After introducing a number of new services for machine learning and database analytics on Tuesday, Amazon Web Services Inc. doubled down today with a host of new tools aimed at providing what one top executive described as a “future-proof” data strategy.
In a keynote address led by Swami Sivasubramanian, vice president of database, analytics and machine learning at AWS, the cloud giant introduced enhancements for file ingestion, workload scaling and managing overall data quality. Sivasubramanian noted at the start of his presentation that the latest innovations were a continuation of Amazon’s lengthy history of data management.
“We have been in the data business long before AWS came into existence,” Sivasubramanian said. “We used data to anticipate our customers’ need for expanded storage which paved the way for AWS. We built our business on data.”
New analytics capabilities
To help other enterprises build on data, AWS focused this week on providing tools designed to address a number of enterprise pain points by making it faster and easier to manage and analyze data at petabyte scale. The company unveiled several new database and analytics capabilities on Wednesday to support this approach.
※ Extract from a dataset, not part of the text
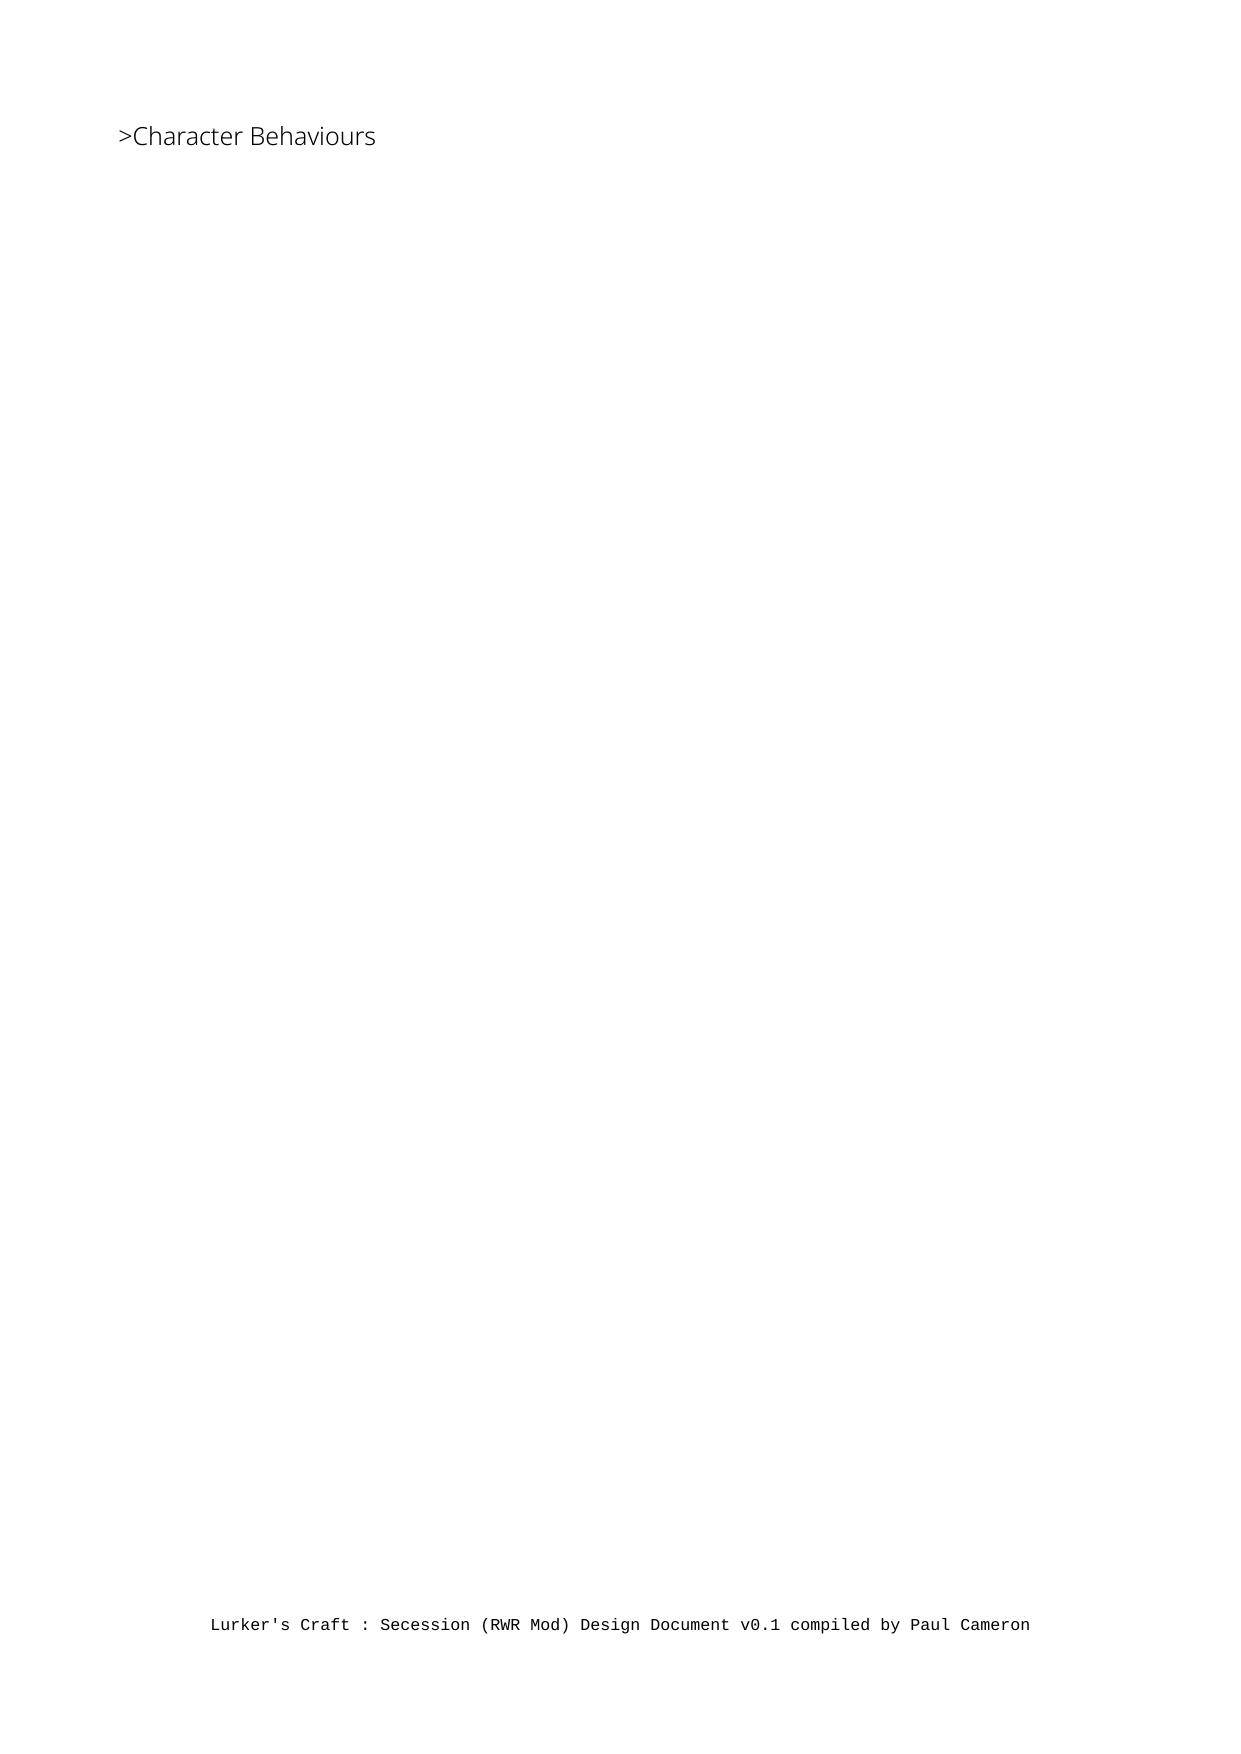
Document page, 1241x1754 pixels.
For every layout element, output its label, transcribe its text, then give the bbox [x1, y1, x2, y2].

subtitle >Character Behaviours [118, 118, 1122, 152]

Amazon OpenSearch Serverless will help run search and analytics workloads without requiring the configuration or management of underlying infrastructure. Workload support also got a boost through the introduction of Amazon DocumentDB Elastic Clusters to scale customer files with millions of writes per second and multi-petabyte storage of data.
AWS also rolled out Amazon Athena for Apache Spark. This new feature will reduce the time to use Spark for interactive analytics from minutes to less than a second, according to Sivasubramanian.
Building on its AWS Glue serverless data integration service, the company announced Glue Data Quality which will reduce time for data analysis by automatically measuring and monitoring data quality across pipelines. And the Amazon Redshift cloud data warehouse will now support high availability configuration across multiple AWS Availability Zones. The goal is to deliver high reliability and availability to support mission critical analytics workloads, balancing data security with the need for faster recovery.
“While these security solutions are critical, we also believe they should not slow you down,” Sivasubramanian said.
In addition to the availability zone enhancement for Redshift, AWS announced Centralized Access Controls for Redshift Data Sharing which governs access using AWS Lake Formation, and a new ability to auto-copy files into Redshift from S3.
Amazon SageMaker, the company’s cloud machine learning platform, was clearly a focus this week. AWS unveiled eight new SageMaker capabilities on Wednesday, including a Model Dashboard for tracking machine learning model performance, a Role Manager solution for defining access and permissions, and a streamlined data preparation capability in SageMaker Studio Notebooks.
The company also showcased an expanded capability for SageMaker in supporting the use of geospatial data for customers. SageMaker will now simplify the generation of geospatial machine learning predictions and speed up model development.
“Geospatial datasets are typically massive and unstructured, and the tools are really limited,” Sivasubramanian said. “We are making it easier for customers to unlock the value of geospatial data. These types of innovations demonstrate the impact that data can have on organizations and the world.”
On Wednesday, AWS announced general availability of Trusted Language Extensions for PostgreSQL, a new open-source development kit. The company already supported more than 85 PostgreSQL extensions in Amazon Aurora and Amazon RDS, and this latest release was in response to customers’ interest in flexibility to build and run their own extensions for PostgreSQL database instances.
Aurora also received additional support through the addition of Amazon GuardDuty RDS Protection using machine learning to identify threats to data stored in Aurora databases. This single-click functionality will be available to AWS customers at no additional cost during the preview period.
Sivasubramanian outlined a vision in his keynote of an enterprise world in which data becomes the connective tissue threaded across organizations. This will create a lasting culture of innovation, according to the AWS executive, built around data and the tools to maximize its value.
“It’s individuals who create these sparks of innovations, but it is the leaders who must create a data driven culture to help them get there,” Sivasubramanian said.